After biopsy of superficial lesions, pressure should be applied over the biopsy site to minimize bruising or post-biopsy hematoma. Patients should be kept under observation for a couple of hours after biopsy of deep sited lesions.



Failure to obtain a representative sample


Possible causes of failure to obtain a representative sample are illustrated diagrammatically in Figure 2.5. If the needle narrowly misses the target (Fig. 2.5B), only the adjacent tissues are sampled. An inflammatory reaction around the tumor may lead to an erroneous diagnosis. If the sample is derived from a central focus of necrosis, hemorrhage or cystic change (Fig. 2.5C), no diagnostic elements may be included. A dominant benign lesion like a cyst or lipoma can hide a small adjacent malignancy (Fig. 2.5D), for example in the breast or thyroid. Repeat biopsy of any remaining palpable abnormality after evacuation of a cyst is important. Finally, adequate samples may be difficult to obtain from desmoplastic tumor tissue in which cells are firmly held in a dense collagenous framework (Fig. 2.5E).




Processing the sample


The sample contained in the needle is expelled on to a clean and dry microscopy slide using air in a syringe. Care must be taken to avoid splashing. Not infrequently, the best part of the sample is found in the hub of the needle and is not easily expelled. In this case, the sample can be aspirated from the hub using another needle (Fig. 2.6).

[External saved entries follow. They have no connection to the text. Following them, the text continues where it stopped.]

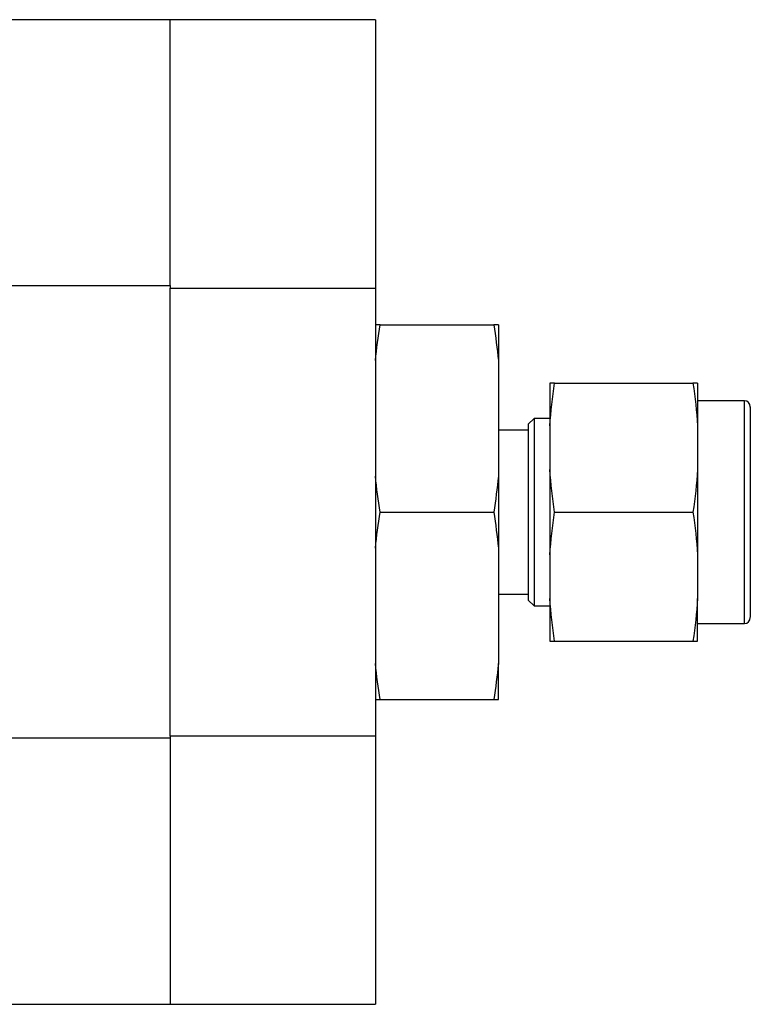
# Model space of a CAD drawing. Header units: inches. Extents: x 7 to 41.4, y 5.3 to 27.
# Tile 8 of 13: x 21 to 23.5, y 23.7 to 27. Entities that reach past the tile are written whole.
import ezdxf

# ---------------------------------------------------------------- set-up
doc = ezdxf.new("R2010")
doc.units = ezdxf.units.IN
doc.header["$LTSCALE"] = 4
doc.header["$MEASUREMENT"] = 0

msp = doc.modelspace()

# ---------------------------------------------------------------- linework, layer by layer
at = {"color": 7, "linetype": 'Continuous', "lineweight": 25}
for p, q in [((21.535, 26.9668), (19.8106, 26.9668)), ((21.535, 26.0733), (21.535, 26.9668)), ((22.2239, 26.9658), (21.535, 26.9658)), ((22.2239, 26.9658), (22.2239, 26.0646)), ((19.8106, 26.0733), (21.535, 26.0733)), ((21.535, 26.0733), (21.535, 26.0723)), ((21.535, 26.0733), (21.535, 26.0646)), ((21.535, 26.0646), (22.2239, 26.0646)), ((21.535, 24.5598), (21.535, 26.0646)), ((22.2239, 26.0646), (22.2239, 24.5598)), ((22.2397, 25.9421), (22.6216, 25.9421)), ((22.6373, 25.9421), (22.6373, 25.8213)), ((22.6373, 25.8213), (22.6373, 25.4331)), ((22.8106, 25.7453), (22.8106, 25.6022)), ((22.8263, 25.7453), (23.2909, 25.7453)), ((23.3066, 25.7453), (23.3066, 25.6022)), ((23.4641, 25.6862), (23.3066, 25.6862)), ((22.757, 25.6272), (22.7373, 25.6075)), ((22.7373, 25.6075), (22.7373, 25.0565)), ((22.8106, 25.6272), (22.757, 25.6272)), ((22.757, 25.6272), (22.757, 25.0394)), ((22.7373, 25.5878), (22.6373, 25.5878)), ((22.8106, 25.6022), (22.8106, 25.4553)), ((23.3066, 25.6022), (23.3066, 25.4553)), ((22.8106, 25.4553), (22.8106, 25.1691)), ((23.3066, 25.4553), (23.3066, 25.1691)), ((22.6373, 25.4331), (22.6373, 25.1913)), ((22.2397, 25.3122), (22.6216, 25.3122)), ((22.8263, 25.3122), (23.2909, 25.3122)), ((22.6373, 25.1913), (22.6373, 24.8032)), ((22.8106, 25.1691), (22.8106, 25.0222)), ((23.3066, 25.1691), (23.3066, 25.0222)), ((22.7373, 25.0565), (22.7373, 25.0169)), ((22.6373, 25.0366), (22.7373, 25.0366)), ((22.7373, 25.0169), (22.757, 24.9973)), ((22.757, 25.0394), (22.757, 24.9973)), ((22.8106, 25.0222), (22.8106, 24.8791)), ((23.3066, 24.8791), (23.3066, 25.0222)), ((22.757, 24.9973), (22.8106, 24.9973)), ((23.3066, 24.9382), (23.4641, 24.9382)), ((22.8263, 24.8791), (23.2909, 24.8791)), ((22.6373, 24.6823), (22.6373, 24.8032)), ((22.2397, 24.6823), (22.6216, 24.6823)), ((21.535, 24.5532), (19.8106, 24.5532)), ((22.2239, 24.5598), (21.535, 24.5598)), ((21.535, 24.5598), (21.535, 23.6587)), ((22.2239, 24.5598), (22.2239, 23.6587)), ((19.8106, 23.6597), (21.535, 23.6597)), ((21.535, 23.6587), (22.2239, 23.6587))]:
    msp.add_line(p, q, dxfattribs=at)
at = {"color": 8, "linetype": 'Continuous', "lineweight": 25}
for p, q in [((23.4641, 24.9883), (23.4641, 25.6862)), ((23.4641, 24.9382), (23.4641, 24.9883))]:
    msp.add_line(p, q, dxfattribs=at)
at = {"color": 7, "linetype": 'Continuous', "lineweight": 25}
for centre, start, end in [((23.4641, 25.6665), 0, 90), ((23.4641, 24.9579), 270, 0)]:
    msp.add_arc(centre, 0.0197, start, end, dxfattribs=at)
for points in [[(22.2239, 25.8213), (22.2281, 25.8616), (22.2335, 25.9019), (22.2397, 25.9421)], [(22.2397, 25.9421), (22.2335, 25.9421), (22.2281, 25.9421), (22.2239, 25.9421)], [(22.6216, 25.9421), (22.6278, 25.9019), (22.6331, 25.8616), (22.6373, 25.8213)], [(22.6373, 25.9421), (22.6331, 25.9421), (22.6278, 25.9421), (22.6216, 25.9421)], [(22.8106, 25.6022), (22.8134, 25.6501), (22.819, 25.6978), (22.8263, 25.7453)], [(22.8263, 25.7453), (22.819, 25.7453), (22.8134, 25.7453), (22.8106, 25.7453)], [(23.2909, 25.7453), (23.2982, 25.6978), (23.3038, 25.6501), (23.3066, 25.6022)], [(23.3066, 25.7453), (23.3038, 25.7453), (23.2982, 25.7453), (23.2909, 25.7453)], [(22.8263, 25.3122), (22.819, 25.3597), (22.8134, 25.4074), (22.8106, 25.4553)], [(23.3066, 25.4553), (23.3038, 25.4074), (23.2982, 25.3597), (23.2909, 25.3122)], [(22.2397, 25.3122), (22.2335, 25.3524), (22.2281, 25.3927), (22.2239, 25.4331)], [(22.6373, 25.4331), (22.6331, 25.3927), (22.6278, 25.3524), (22.6216, 25.3122)], [(22.2239, 25.1913), (22.2281, 25.2317), (22.2335, 25.272), (22.2397, 25.3122)], [(22.6216, 25.3122), (22.6278, 25.272), (22.6331, 25.2317), (22.6373, 25.1913)], [(22.8106, 25.1691), (22.8134, 25.217), (22.819, 25.2647), (22.8263, 25.3122)], [(23.2909, 25.3122), (23.2982, 25.2647), (23.3038, 25.217), (23.3066, 25.1691)], [(22.8263, 24.8791), (22.819, 24.9267), (22.8134, 24.9743), (22.8106, 25.0222)], [(23.3066, 25.0222), (23.3038, 24.9743), (23.2982, 24.9267), (23.2909, 24.8791)], [(22.8106, 24.8791), (22.8134, 24.8791), (22.819, 24.8791), (22.8263, 24.8791)], [(23.2909, 24.8791), (23.2982, 24.8791), (23.3038, 24.8791), (23.3066, 24.8791)], [(22.2397, 24.6823), (22.2335, 24.7225), (22.2281, 24.7628), (22.2239, 24.8032)], [(22.6373, 24.8032), (22.6331, 24.7628), (22.6278, 24.7225), (22.6216, 24.6823)], [(22.2239, 24.6823), (22.2281, 24.6823), (22.2335, 24.6823), (22.2397, 24.6823)], [(22.6216, 24.6823), (22.6278, 24.6823), (22.6331, 24.6823), (22.6373, 24.6823)]]:
    msp.add_open_spline(points, degree=3, dxfattribs=at)
for points, knots in [([(23.4838, 25.6651), (23.4838, 25.6655), (23.4838, 25.6675), (23.4838, 25.6562), (23.4838, 25.631), (23.4838, 25.5923), (23.4838, 25.5446), (23.4838, 25.4904), (23.4838, 25.4301), (23.4838, 25.3634), (23.4838, 25.2919), (23.4838, 25.2199), (23.4838, 25.1516), (23.4838, 25.0916), (23.4838, 25.0415), (23.4838, 25.0172), (23.4838, 25.0054)], [0, 0, 0, 0, 0.0211474, 0.0999659, 0.1787844, 0.255965, 0.330065, 0.3999773, 0.4698895, 0.5439895, 0.6211701, 0.6999886, 0.7788071, 0.8559877, 0.9300877, 1, 1, 1, 1]), ([(23.4838, 25.0054), (23.4838, 24.9956), (23.4838, 24.9756), (23.4838, 24.9599), (23.4838, 24.9595), (23.4838, 24.9593)], [0, 0, 0, 0, 0.3494819, 0.7198975, 1, 1, 1, 1])]:
    msp.add_open_spline(points, degree=3, knots=knots, dxfattribs=at)

doc.saveas('drawing.dxf')

Direct smearing (Figs 2.72.12)


Smear quality is highly dependent on the smear being thin and evenly spread, ideally as a monolayer of cells. Perfect smearing is not easily learned. This is one of the reasons why FNB generally has a higher success rate when the biopsy procedure is attended by laboratory staff. Nuclear detail is poorly shown and confusing artifacts are common if smears are thick, uneven and dry slowly (Figs 2.92.11). Sometimes, even well prepared smears, particularly of lymphoid cells, may show a peculiar raisin-like distortion of the nuclei probably caused by moisture on the slide (Fig. 2.12). Exposure of air-dried smears to formalin vapor, which can occur during transport of material to the laboratory, can affect nuclear staining and cause loss of morphologic detail.10








The optimal sample, obtainable from cell-rich tissues, has a creamy consistency due to high cellularity with little or no blood or fluid (’dry’ sample). A ‘dry’ sample is best smeared with the flat of a second slide exerting a light pressure as it is moved along the specimen slide (Fig. 2.7, top). The pressure must be carefully adjusted to achieve a thin, even spread without causing disruption of tissue fragments with loss of micro-architecture, or smudging artifacts as in Figure 2.11A. Optimal smearing is a fine balance between too thick and too thin. Smears of ‘dry’ aspirates dry quickly, resulting in a milky, finely granular film on the slide.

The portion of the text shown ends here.